Mixed Precision PointPillars for Efficient 3D Object Detection with TensorRT

LIDAR 3D object detection is one of the important tasks for autonomous vehicles. Ensuring that this task operates in real-time is crucial. Toward this, model quantization can be used to accelerate the runtime. However, directly applying model quantization often leads to performance degradation due to LIDAR’s wide numerical distributions and extreme outliers. To address the wide numerical distribution, we proposed a mixed precision framework designed for PointPillars. Our framework first searches for sensitive layers with post-training quantization (PTQ) by quantizing one layer at a time to 8-bit integer (INT8) and evaluating each model for average precision (AP). The top-k most sensitive layers are assigned as floating point (FP). Combinations of these layers are greedily searched to produce candidate mixed precision models, which are finalized with either PTQ or quantization-aware training (QAT). Furthermore, to handle outliers, we observe that using a very small number of calibration data reduces the likelihood of encountering outliers, thereby improving PTQ performance. Our methods provides mixed precision models without training in the PTQ pipeline, while our QAT pipeline achieves the performance competitive to FP models. With TensorRT deployment, our mixed precision models offer less latency by up to 2.538 times compared to FP32 models.

💡 Research Summary

The paper addresses the challenge of deploying LIDAR‑based 3D object detection models, specifically PointPillars, on edge devices where real‑time performance is mandatory. While post‑training quantization (PTQ) to 8‑bit integer (INT8) can dramatically reduce memory bandwidth and arithmetic cost, directly applying INT8 to PointPillars leads to severe drops in average precision (AP) because LIDAR point clouds exhibit very wide numerical ranges and contain extreme outliers.
To mitigate these issues, the authors propose a mixed‑precision framework that automatically identifies the most “sensitive” layers and keeps them in higher precision (FP16) while quantizing the remaining layers to INT8. The sensitivity search is performed entirely with PTQ: each layer is individually replaced by an INT8 version, the model is calibrated with a tiny set of calibration frames (four LIDAR sweeps), and the resulting AP40 on the validation set is recorded. Layers that cause the largest AP degradation are deemed sensitive.
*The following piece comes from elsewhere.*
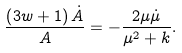Convert formula to latex. <formula><loc_0><loc_0><loc_500><loc_500>\frac { \left ( 3 w + 1 \right ) \dot { A } } { A } = - \frac { 2 \mu \dot { \mu } } { \mu ^ { 2 } + k } .</formula>

Because exhaustively testing all possible subsets of sensitive layers would be combinatorial, the authors adopt a greedy strategy. After ranking layers by sensitivity, they generate k candidate mixed‑precision models by progressively promoting the top‑1, top‑2, …, top‑k layers to FP16 while leaving the rest INT8. Only these k candidates are evaluated, drastically reducing search cost. The selected candidates are then finalized either by a second PTQ pass (re‑calibrating scales) or by quantization‑aware training (QAT) to further close the accuracy gap.
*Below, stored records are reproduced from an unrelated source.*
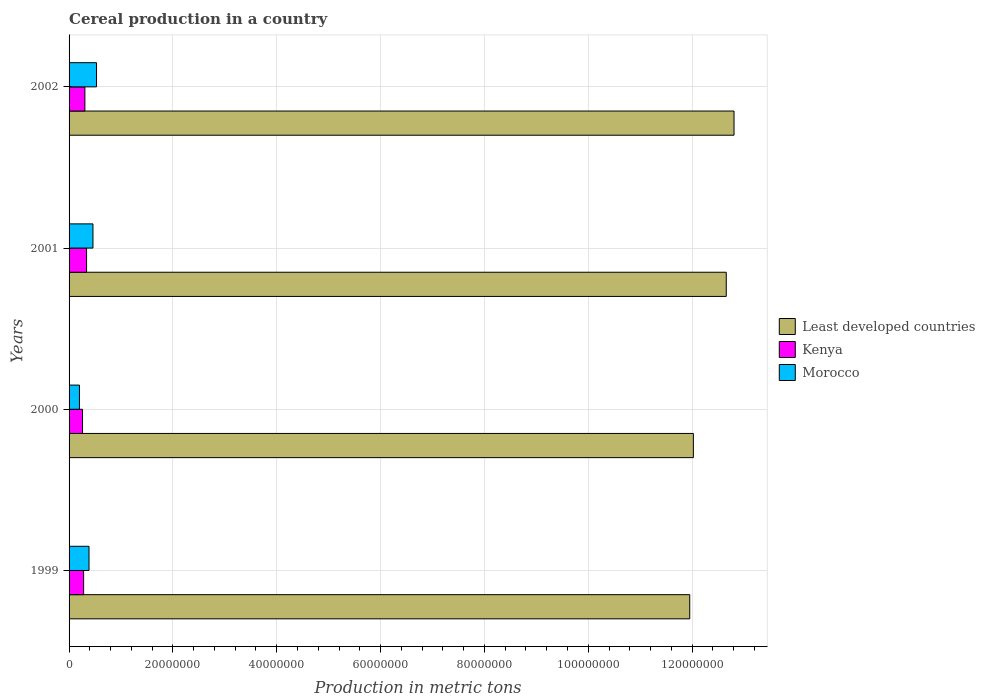How many different coloured bars are there?
Give a very brief answer. 3. How many groups of bars are there?
Your answer should be compact. 4. Are the number of bars per tick equal to the number of legend labels?
Your answer should be compact. Yes. What is the label of the 3rd group of bars from the top?
Give a very brief answer. 2000. What is the total cereal production in Least developed countries in 2002?
Make the answer very short. 1.28e+08. Across all years, what is the maximum total cereal production in Kenya?
Your response must be concise. 3.37e+06. Across all years, what is the minimum total cereal production in Kenya?
Ensure brevity in your answer.  2.59e+06. In which year was the total cereal production in Kenya maximum?
Make the answer very short. 2001. What is the total total cereal production in Morocco in the graph?
Provide a succinct answer. 1.57e+07. What is the difference between the total cereal production in Morocco in 2001 and that in 2002?
Offer a very short reply. -6.86e+05. What is the difference between the total cereal production in Least developed countries in 2000 and the total cereal production in Morocco in 2002?
Your answer should be compact. 1.15e+08. What is the average total cereal production in Least developed countries per year?
Ensure brevity in your answer.  1.24e+08. In the year 2002, what is the difference between the total cereal production in Least developed countries and total cereal production in Morocco?
Your answer should be very brief. 1.23e+08. What is the ratio of the total cereal production in Kenya in 1999 to that in 2001?
Offer a terse response. 0.83. Is the total cereal production in Least developed countries in 1999 less than that in 2000?
Your answer should be very brief. Yes. What is the difference between the highest and the second highest total cereal production in Kenya?
Provide a succinct answer. 3.25e+05. What is the difference between the highest and the lowest total cereal production in Least developed countries?
Ensure brevity in your answer.  8.53e+06. What does the 3rd bar from the top in 1999 represents?
Offer a terse response. Least developed countries. What does the 2nd bar from the bottom in 1999 represents?
Offer a terse response. Kenya. Is it the case that in every year, the sum of the total cereal production in Least developed countries and total cereal production in Morocco is greater than the total cereal production in Kenya?
Your response must be concise. Yes. How many bars are there?
Offer a very short reply. 12. Does the graph contain grids?
Provide a short and direct response. Yes. How are the legend labels stacked?
Ensure brevity in your answer.  Vertical. What is the title of the graph?
Your response must be concise. Cereal production in a country. What is the label or title of the X-axis?
Provide a short and direct response. Production in metric tons. What is the Production in metric tons of Least developed countries in 1999?
Give a very brief answer. 1.20e+08. What is the Production in metric tons in Kenya in 1999?
Offer a very short reply. 2.80e+06. What is the Production in metric tons in Morocco in 1999?
Your answer should be very brief. 3.84e+06. What is the Production in metric tons of Least developed countries in 2000?
Your answer should be compact. 1.20e+08. What is the Production in metric tons in Kenya in 2000?
Your response must be concise. 2.59e+06. What is the Production in metric tons of Morocco in 2000?
Offer a very short reply. 2.00e+06. What is the Production in metric tons in Least developed countries in 2001?
Give a very brief answer. 1.27e+08. What is the Production in metric tons in Kenya in 2001?
Your answer should be compact. 3.37e+06. What is the Production in metric tons in Morocco in 2001?
Your response must be concise. 4.60e+06. What is the Production in metric tons of Least developed countries in 2002?
Provide a succinct answer. 1.28e+08. What is the Production in metric tons of Kenya in 2002?
Make the answer very short. 3.05e+06. What is the Production in metric tons in Morocco in 2002?
Your answer should be compact. 5.29e+06. Across all years, what is the maximum Production in metric tons of Least developed countries?
Your answer should be very brief. 1.28e+08. Across all years, what is the maximum Production in metric tons of Kenya?
Your answer should be very brief. 3.37e+06. Across all years, what is the maximum Production in metric tons of Morocco?
Make the answer very short. 5.29e+06. Across all years, what is the minimum Production in metric tons of Least developed countries?
Keep it short and to the point. 1.20e+08. Across all years, what is the minimum Production in metric tons of Kenya?
Give a very brief answer. 2.59e+06. Across all years, what is the minimum Production in metric tons of Morocco?
Provide a succinct answer. 2.00e+06. What is the total Production in metric tons of Least developed countries in the graph?
Keep it short and to the point. 4.94e+08. What is the total Production in metric tons of Kenya in the graph?
Your response must be concise. 1.18e+07. What is the total Production in metric tons in Morocco in the graph?
Your response must be concise. 1.57e+07. What is the difference between the Production in metric tons in Least developed countries in 1999 and that in 2000?
Provide a succinct answer. -7.00e+05. What is the difference between the Production in metric tons in Kenya in 1999 and that in 2000?
Give a very brief answer. 2.11e+05. What is the difference between the Production in metric tons in Morocco in 1999 and that in 2000?
Your answer should be very brief. 1.85e+06. What is the difference between the Production in metric tons in Least developed countries in 1999 and that in 2001?
Your response must be concise. -7.03e+06. What is the difference between the Production in metric tons of Kenya in 1999 and that in 2001?
Keep it short and to the point. -5.68e+05. What is the difference between the Production in metric tons in Morocco in 1999 and that in 2001?
Give a very brief answer. -7.60e+05. What is the difference between the Production in metric tons in Least developed countries in 1999 and that in 2002?
Offer a terse response. -8.53e+06. What is the difference between the Production in metric tons of Kenya in 1999 and that in 2002?
Make the answer very short. -2.43e+05. What is the difference between the Production in metric tons of Morocco in 1999 and that in 2002?
Give a very brief answer. -1.45e+06. What is the difference between the Production in metric tons in Least developed countries in 2000 and that in 2001?
Offer a very short reply. -6.33e+06. What is the difference between the Production in metric tons in Kenya in 2000 and that in 2001?
Your answer should be very brief. -7.79e+05. What is the difference between the Production in metric tons of Morocco in 2000 and that in 2001?
Your answer should be compact. -2.61e+06. What is the difference between the Production in metric tons of Least developed countries in 2000 and that in 2002?
Your response must be concise. -7.83e+06. What is the difference between the Production in metric tons of Kenya in 2000 and that in 2002?
Provide a succinct answer. -4.54e+05. What is the difference between the Production in metric tons of Morocco in 2000 and that in 2002?
Make the answer very short. -3.29e+06. What is the difference between the Production in metric tons of Least developed countries in 2001 and that in 2002?
Make the answer very short. -1.49e+06. What is the difference between the Production in metric tons of Kenya in 2001 and that in 2002?
Ensure brevity in your answer.  3.25e+05. What is the difference between the Production in metric tons in Morocco in 2001 and that in 2002?
Provide a short and direct response. -6.86e+05. What is the difference between the Production in metric tons of Least developed countries in 1999 and the Production in metric tons of Kenya in 2000?
Provide a short and direct response. 1.17e+08. What is the difference between the Production in metric tons of Least developed countries in 1999 and the Production in metric tons of Morocco in 2000?
Ensure brevity in your answer.  1.18e+08. What is the difference between the Production in metric tons in Kenya in 1999 and the Production in metric tons in Morocco in 2000?
Your response must be concise. 8.06e+05. What is the difference between the Production in metric tons of Least developed countries in 1999 and the Production in metric tons of Kenya in 2001?
Ensure brevity in your answer.  1.16e+08. What is the difference between the Production in metric tons in Least developed countries in 1999 and the Production in metric tons in Morocco in 2001?
Give a very brief answer. 1.15e+08. What is the difference between the Production in metric tons in Kenya in 1999 and the Production in metric tons in Morocco in 2001?
Ensure brevity in your answer.  -1.80e+06. What is the difference between the Production in metric tons of Least developed countries in 1999 and the Production in metric tons of Kenya in 2002?
Keep it short and to the point. 1.16e+08. What is the difference between the Production in metric tons of Least developed countries in 1999 and the Production in metric tons of Morocco in 2002?
Your answer should be compact. 1.14e+08. What is the difference between the Production in metric tons of Kenya in 1999 and the Production in metric tons of Morocco in 2002?
Give a very brief answer. -2.49e+06. What is the difference between the Production in metric tons of Least developed countries in 2000 and the Production in metric tons of Kenya in 2001?
Your answer should be compact. 1.17e+08. What is the difference between the Production in metric tons of Least developed countries in 2000 and the Production in metric tons of Morocco in 2001?
Ensure brevity in your answer.  1.16e+08. What is the difference between the Production in metric tons in Kenya in 2000 and the Production in metric tons in Morocco in 2001?
Ensure brevity in your answer.  -2.01e+06. What is the difference between the Production in metric tons in Least developed countries in 2000 and the Production in metric tons in Kenya in 2002?
Make the answer very short. 1.17e+08. What is the difference between the Production in metric tons of Least developed countries in 2000 and the Production in metric tons of Morocco in 2002?
Your answer should be very brief. 1.15e+08. What is the difference between the Production in metric tons in Kenya in 2000 and the Production in metric tons in Morocco in 2002?
Your answer should be very brief. -2.70e+06. What is the difference between the Production in metric tons of Least developed countries in 2001 and the Production in metric tons of Kenya in 2002?
Make the answer very short. 1.24e+08. What is the difference between the Production in metric tons in Least developed countries in 2001 and the Production in metric tons in Morocco in 2002?
Keep it short and to the point. 1.21e+08. What is the difference between the Production in metric tons in Kenya in 2001 and the Production in metric tons in Morocco in 2002?
Ensure brevity in your answer.  -1.92e+06. What is the average Production in metric tons in Least developed countries per year?
Provide a short and direct response. 1.24e+08. What is the average Production in metric tons of Kenya per year?
Provide a short and direct response. 2.95e+06. What is the average Production in metric tons of Morocco per year?
Your response must be concise. 3.93e+06. In the year 1999, what is the difference between the Production in metric tons in Least developed countries and Production in metric tons in Kenya?
Give a very brief answer. 1.17e+08. In the year 1999, what is the difference between the Production in metric tons of Least developed countries and Production in metric tons of Morocco?
Give a very brief answer. 1.16e+08. In the year 1999, what is the difference between the Production in metric tons in Kenya and Production in metric tons in Morocco?
Your answer should be very brief. -1.04e+06. In the year 2000, what is the difference between the Production in metric tons in Least developed countries and Production in metric tons in Kenya?
Ensure brevity in your answer.  1.18e+08. In the year 2000, what is the difference between the Production in metric tons of Least developed countries and Production in metric tons of Morocco?
Provide a short and direct response. 1.18e+08. In the year 2000, what is the difference between the Production in metric tons of Kenya and Production in metric tons of Morocco?
Ensure brevity in your answer.  5.95e+05. In the year 2001, what is the difference between the Production in metric tons in Least developed countries and Production in metric tons in Kenya?
Provide a short and direct response. 1.23e+08. In the year 2001, what is the difference between the Production in metric tons in Least developed countries and Production in metric tons in Morocco?
Keep it short and to the point. 1.22e+08. In the year 2001, what is the difference between the Production in metric tons of Kenya and Production in metric tons of Morocco?
Keep it short and to the point. -1.23e+06. In the year 2002, what is the difference between the Production in metric tons in Least developed countries and Production in metric tons in Kenya?
Keep it short and to the point. 1.25e+08. In the year 2002, what is the difference between the Production in metric tons in Least developed countries and Production in metric tons in Morocco?
Give a very brief answer. 1.23e+08. In the year 2002, what is the difference between the Production in metric tons in Kenya and Production in metric tons in Morocco?
Provide a succinct answer. -2.24e+06. What is the ratio of the Production in metric tons of Kenya in 1999 to that in 2000?
Your answer should be compact. 1.08. What is the ratio of the Production in metric tons of Morocco in 1999 to that in 2000?
Ensure brevity in your answer.  1.93. What is the ratio of the Production in metric tons in Kenya in 1999 to that in 2001?
Offer a terse response. 0.83. What is the ratio of the Production in metric tons in Morocco in 1999 to that in 2001?
Your answer should be very brief. 0.83. What is the ratio of the Production in metric tons of Least developed countries in 1999 to that in 2002?
Your response must be concise. 0.93. What is the ratio of the Production in metric tons in Kenya in 1999 to that in 2002?
Provide a short and direct response. 0.92. What is the ratio of the Production in metric tons in Morocco in 1999 to that in 2002?
Ensure brevity in your answer.  0.73. What is the ratio of the Production in metric tons of Least developed countries in 2000 to that in 2001?
Your answer should be compact. 0.95. What is the ratio of the Production in metric tons of Kenya in 2000 to that in 2001?
Ensure brevity in your answer.  0.77. What is the ratio of the Production in metric tons of Morocco in 2000 to that in 2001?
Give a very brief answer. 0.43. What is the ratio of the Production in metric tons of Least developed countries in 2000 to that in 2002?
Keep it short and to the point. 0.94. What is the ratio of the Production in metric tons of Kenya in 2000 to that in 2002?
Keep it short and to the point. 0.85. What is the ratio of the Production in metric tons in Morocco in 2000 to that in 2002?
Provide a short and direct response. 0.38. What is the ratio of the Production in metric tons in Least developed countries in 2001 to that in 2002?
Make the answer very short. 0.99. What is the ratio of the Production in metric tons in Kenya in 2001 to that in 2002?
Ensure brevity in your answer.  1.11. What is the ratio of the Production in metric tons of Morocco in 2001 to that in 2002?
Your answer should be compact. 0.87. What is the difference between the highest and the second highest Production in metric tons in Least developed countries?
Offer a terse response. 1.49e+06. What is the difference between the highest and the second highest Production in metric tons of Kenya?
Provide a succinct answer. 3.25e+05. What is the difference between the highest and the second highest Production in metric tons of Morocco?
Keep it short and to the point. 6.86e+05. What is the difference between the highest and the lowest Production in metric tons in Least developed countries?
Your answer should be very brief. 8.53e+06. What is the difference between the highest and the lowest Production in metric tons of Kenya?
Keep it short and to the point. 7.79e+05. What is the difference between the highest and the lowest Production in metric tons of Morocco?
Ensure brevity in your answer.  3.29e+06.

A second key insight concerns the calibration data size. In min‑max PTQ, the scaling factor is determined by the maximum absolute activation observed during calibration. LIDAR data’s sparsity means that a few outlier points can inflate this maximum, leading to large quantization steps and high rounding error. By deliberately limiting calibration to only four frames, the probability of encountering such outliers drops dramatically, resulting in a much smaller scaling factor and a 23.8 % improvement in mean AP compared to using 4 096 frames.
Experiments are conducted on the KITTI 3D detection benchmark using the MMDetection3D framework. FP32 baseline achieves 86.35 % AP40 for the car class. A naïve INT8 PTQ model falls to 27.29 % AP40, confirming the difficulty of direct quantization. Mixed‑precision PTQ models, where the three most sensitive layers (voxel encoder linear, bbox head conv regression, and backbone block 0.3) are kept in FP16, recover AP40 to around 70 % without any additional training. Mixed‑precision QAT models further close the gap, reaching 75.06 % AP40, essentially matching FP32 performance while still using INT8 for the majority of the network.
Latency measurements on TensorRT‑enabled hardware (NVIDIA Jetson Orin and RTX 4070Ti) show that INT8 layers are consistently faster than FP16 or FP32. For example, backbone block 0.0 runs in 0.376 ms as INT8 versus 1.382 ms as FP32. Overall, the mixed‑precision models achieve up to 2.538× lower inference latency compared with the FP32 baseline, while preserving most of the detection accuracy.
In summary, the contributions are threefold: (1) an automated PTQ‑based layer‑sensitivity analysis, (2) a greedy mixed‑precision search that optimizes accuracy rather than latency, and (3) the observation that extremely small calibration sets mitigate outlier‑induced scaling errors. The approach requires no architectural changes, works with standard TensorRT symmetric quantization, and demonstrates that high‑accuracy, low‑latency 3D object detection is feasible on resource‑constrained platforms.